Department of Paediatrics, Medical Centre Leeuwarden, P.O. Box 888, 8901 BR Leeuwarden, The Netherlands.
Respir Med. 2009 Aug;103(8):1167-73. doi: 10.1016/j.rmed.2009.02.010. Epub 2009 Mar 9.
Recent developments concerning pressurized metered dose inhalers (pMDIs) with inhaled corticosteroids (ICS) are the introduction of ciclesonide and the replacement of propellants. As the results of in vivo studies depend on pMDIperformance, it is necessary to evaluate pMDIs in vitro for delivered dose and particle size distributions under different conditions.

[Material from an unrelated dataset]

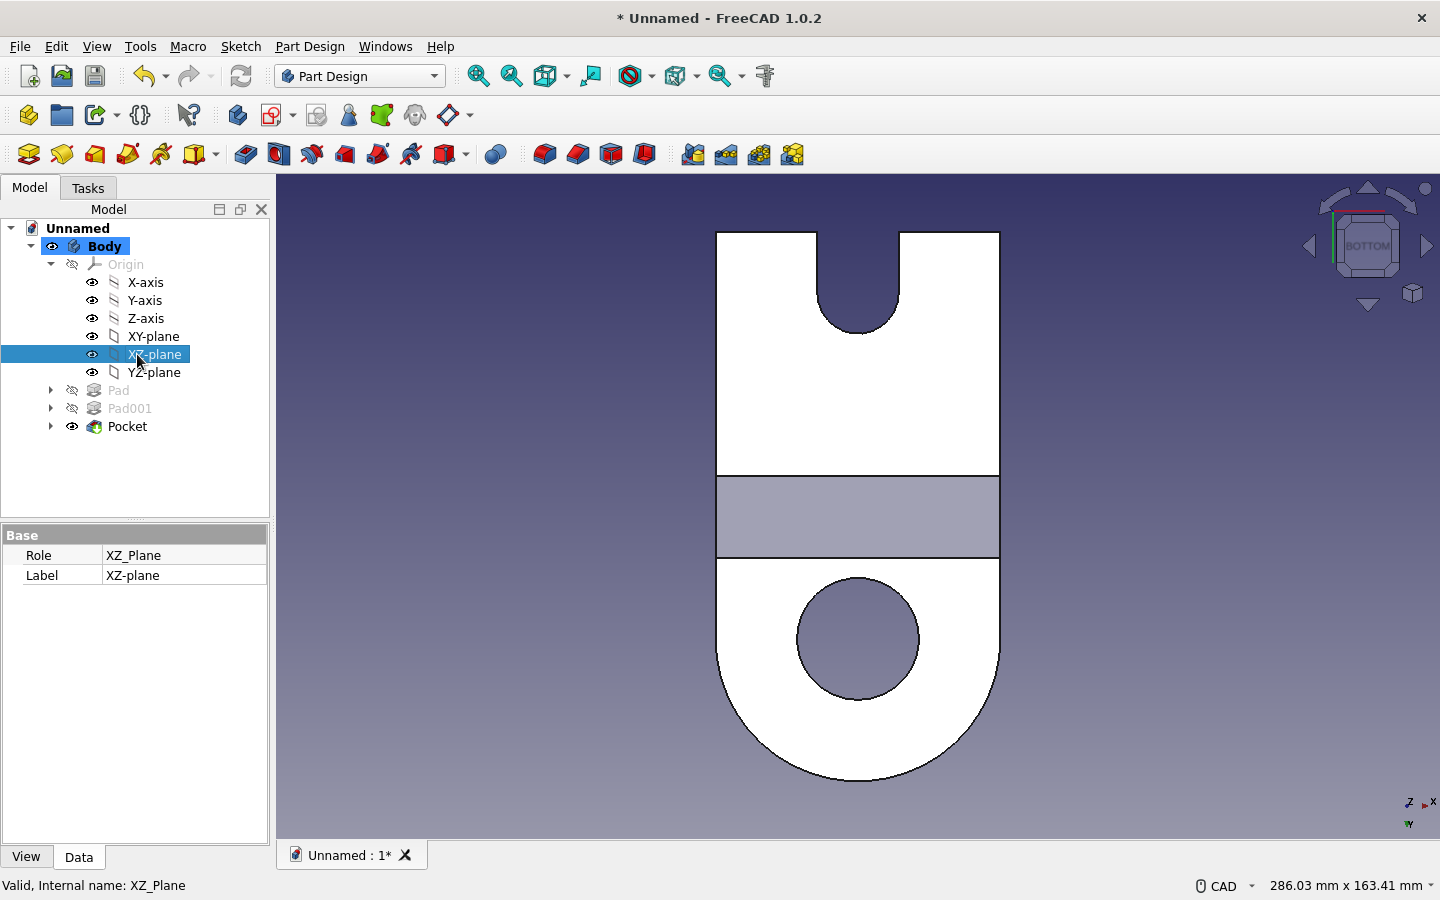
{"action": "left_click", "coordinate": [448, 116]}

Fluticasone 125microg, budesonide 200microg, beclomethasone HFA100microg, and ciclesonide 160microg were compared for delivered dose and particle size using laser diffraction analysis with inspiratory flow rates of 10, 20 and 30l/s.
The volume median diameter of budesonide was 3.5microm, fluticasone 2.8microm, beclomethasone and ciclesonide both 1.9microm. The mouthpiece retention was up to 30% of the nominal dose for beclomethasone and ciclesonide, 11-19% for the other pMDIs. Lifespan, flow rate, and air humidity had no significant influence on particle size distribution. The delivered dose of beclomethasone, budesonide, and ciclesonide remained constant over the lifespan. The delivered dose of fluticasone 125 decreased from 106% to 63%; fluticasone 250 also decreased whereas fluticasone 50 remained constant.
There is a significant difference in median particle size distribution between the different ICS pMDIs. Air humidity and inspiratory flow rate have no significant influence on particle size distribution. Ciclesonide 160 and beclomethasone 100 deliver the largest fine particle fractions of 1.1-3.1microm. The changes in delivered dose during the lifespan for the fluticasone 125 and 250 may have implications for patient care.
最近有关装有吸入性皮质类固醇(ICS)的加压定量吸入器(pMDI)的发展包括昔萘酸氯地米松的引入和推进剂的更换。由于体内研究的结果取决于 pMDI 的性能,因此有必要在不同条件下对 pMDI 进行体外评估,以确定输送剂量和颗粒分布。
比较了氟替卡松 125μg、布地奈德 200μg、丙酸倍氯米松 HFA100μg 和昔萘酸氯地米松 160μg 的输送剂量和粒径,使用激光衍射分析,吸气流速分别为 10、20 和 30l/s。
布地奈德的体积中位直径为 3.5μm,氟替卡松为 2.8μm,丙酸倍氯米松和昔萘酸氯地米松均为 1.9μm。对于丙酸倍氯米松和昔萘酸氯地米松,口含器的保留量高达名义剂量的 30%,其他 pMDI 则为 11-19%。使用寿命、流速和空气湿度对粒径分布没有显著影响。丙酸倍氯米松、布地奈德和昔萘酸氯地米松的输送剂量在使用寿命内保持不变。氟替卡松 125 的输送剂量从 106%降至 63%;氟替卡松 250 也减少了,而氟替卡松 50 则保持不变。
不同 ICS pMDI 的中值粒径分布存在显著差异。空气湿度和吸气流速对粒径分布没有显著影响。昔萘酸氯地米松 160 和丙酸倍氯米松 100 输送 1.1-3.1μm 的细颗粒分数最大。氟替卡松 125 和 250 在使用寿命内输送剂量的变化可能对患者护理产生影响。